Nous sommes d'avis que c'est uniquement par l'intermédiaire de l'OACI, et grâce à la clairvoyance du gouvernement canadien, que nous pourrons obtenir un règlement permettant aux agents de la paix locaux, quand nous nous posons dans un pays étranger, d'amener ces passagers et de les mettre en accusation si la situation l'impose. Nous sommes confiants que le gouvernement canadien va jouer un rôle de premier plan dans ce dossier. Et il peut en être fier parce que c'est un problème pour les agents de bord du monde entier.

D'après les discussions que j'ai eues avec différentes personnes, un peu partout dans le monde, tout le monde espère que le gouvernement canadien va prendre l'initiative dans ce domaine. Nous faisons toutes les pressions possibles -- et nous en avons fait encore hier -- pour faire changer les règles, en espérant que, si le gouvernement canadien peut faire quelque chose, les Américains et les Britanniques lui emboîteront le pas. Nous travaillons énergiquement à ce dossier.

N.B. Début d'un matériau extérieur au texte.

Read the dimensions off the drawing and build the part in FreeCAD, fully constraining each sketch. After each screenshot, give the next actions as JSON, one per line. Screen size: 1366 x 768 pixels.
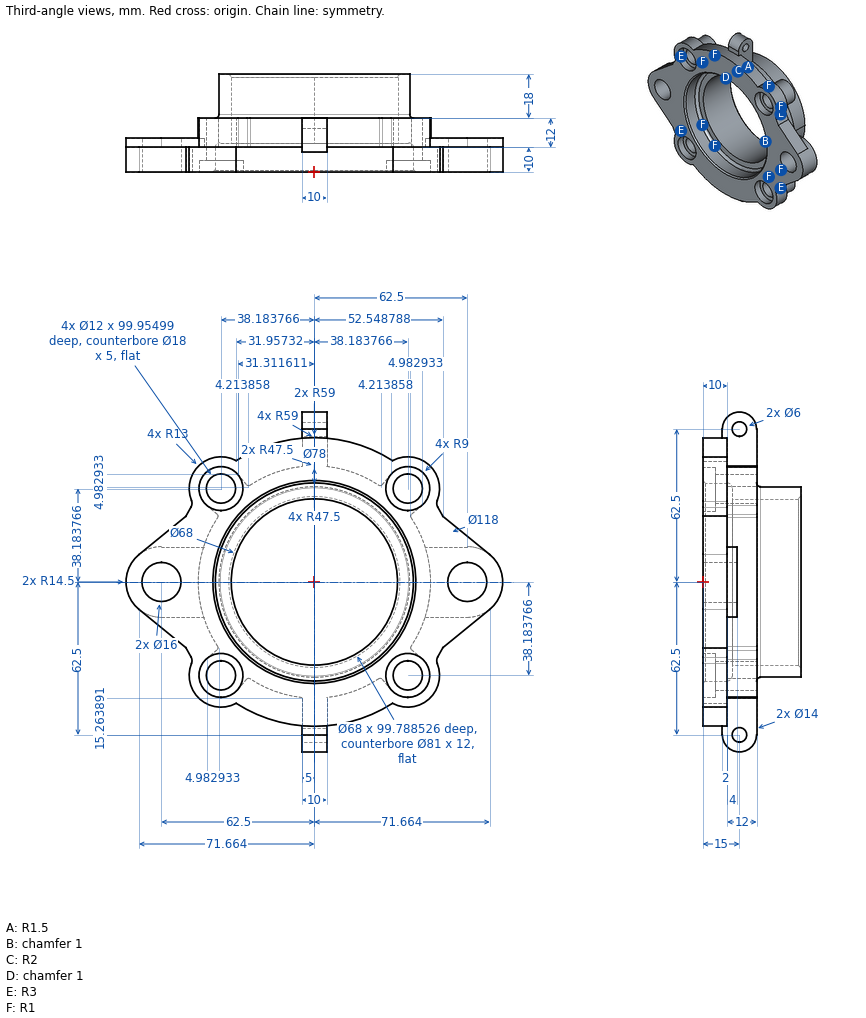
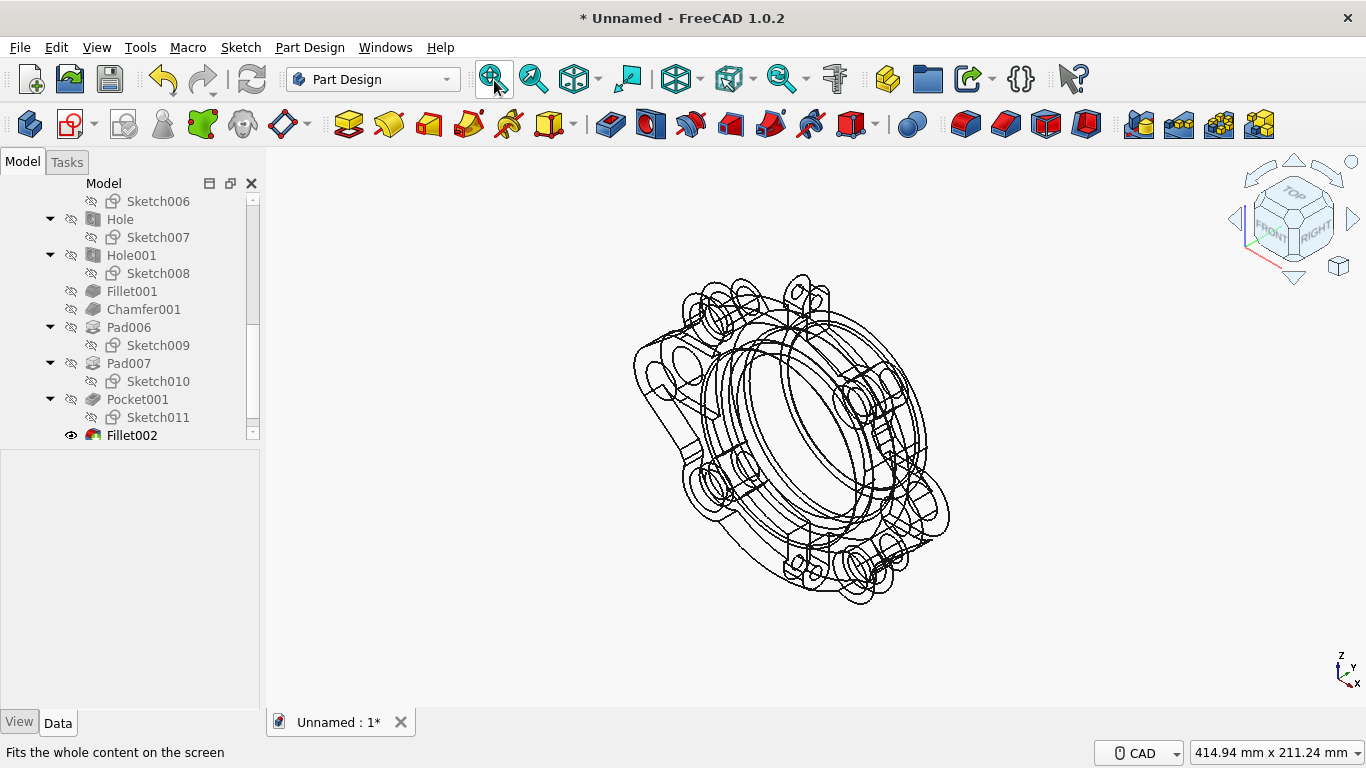
{"action": "left_click", "coordinate": [864, 542]}

M. Miller: J'ai remarqué à la partie 9 de votre mémoire, au sujet des règlements sur les heures de vol et de service, que vous présentez des chiffres théoriques; je ne dis pas ça pour critiquer. Ces chiffres donnent une idée de ce qui pourrait se passer si les règlements en vigueur au Canada étaient appliqués à la lettre.

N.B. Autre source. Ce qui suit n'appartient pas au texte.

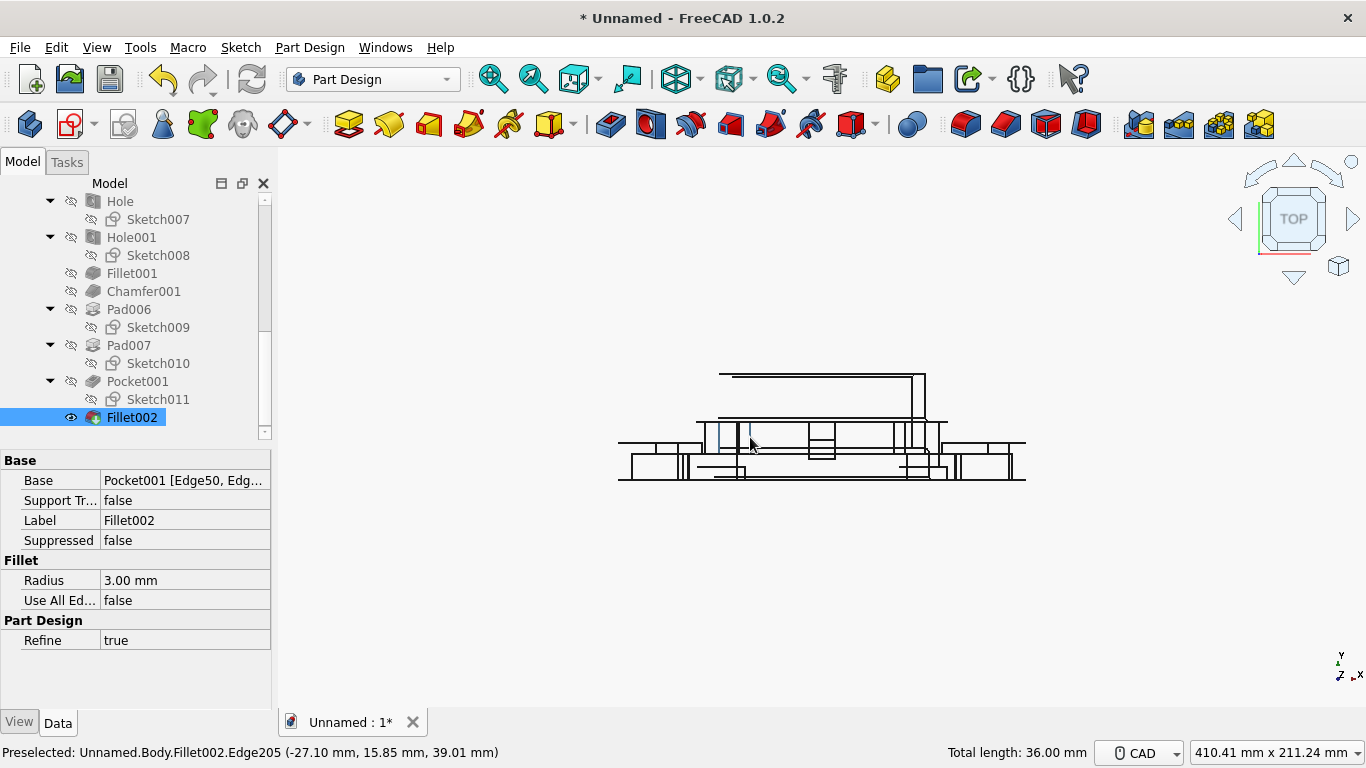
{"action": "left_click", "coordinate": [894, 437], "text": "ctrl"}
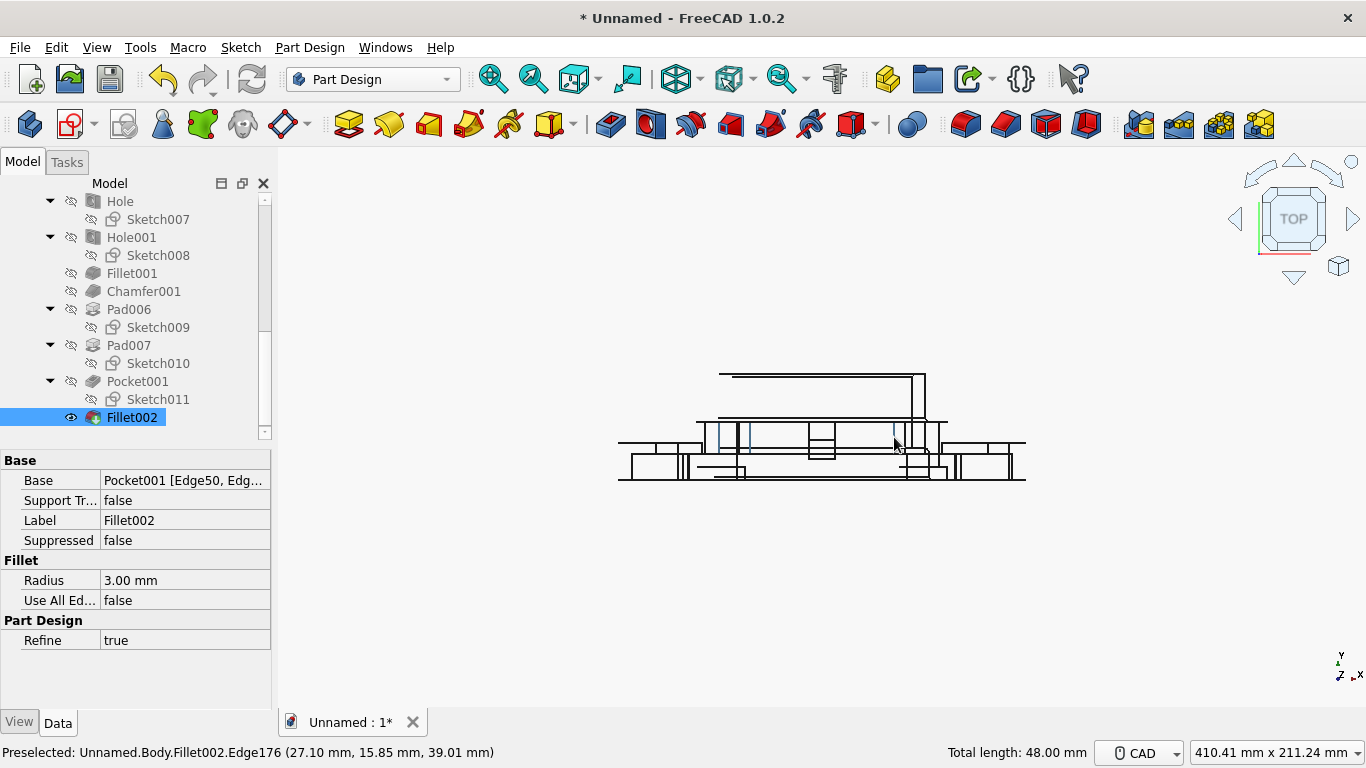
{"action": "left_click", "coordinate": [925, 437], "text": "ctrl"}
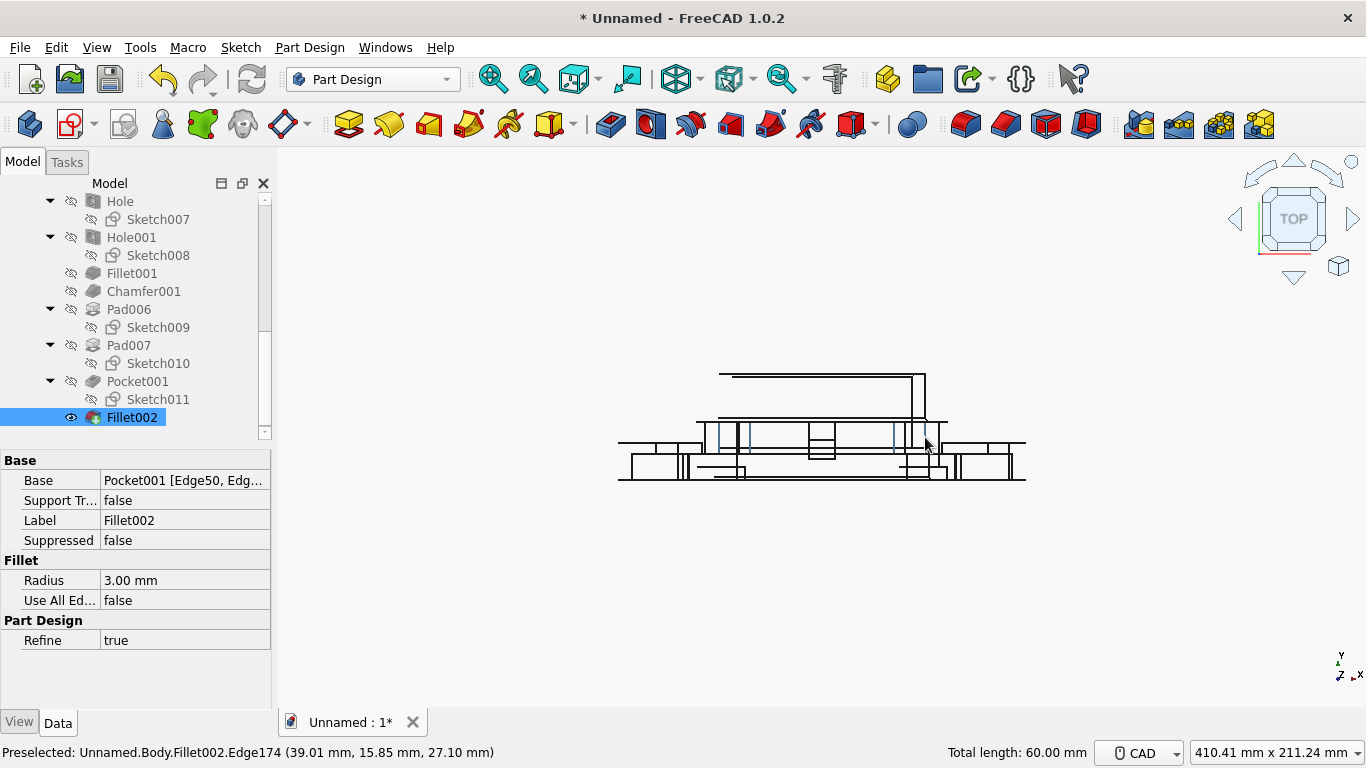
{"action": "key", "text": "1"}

Le comité serait cependant plus intéressé à savoir ce que contiennent vos conventions collectives actuelles à ce sujet-là; autrement dit, pendant combien d'heures par mois vos membres doivent-ils travailler, et quels sont les autres détails de vos conventions collectives à cet égard?

Mme Hill: Il y a un certain nombre d'assez gros transporteurs canadiens dont les employés ne sont pas syndiqués; leurs agents de bord seraient donc visés par cette règle. À l'heure actuelle, nous savons que certains agents de bord à l'emploi d'un affréteur ont déjà travaillé jusqu'à 24 heures de suite et n'ont eu droit qu'à quelques heures de repos avant de devoir reprendre le travail. Nous avons eu connaissance d'un cas où un agent de bord avait été en service pendant 20 heures. L'avion avait fait escale à Calgary et l'équipage avait dormi quatre heures à bord avant de reprendre les airs en direction de Toronto. La seule raison pour laquelle l'avion s'était arrêté à Calgary, c'est qu'il ne pouvait pas se rendre directement à Toronto à cause de la règle de minuit.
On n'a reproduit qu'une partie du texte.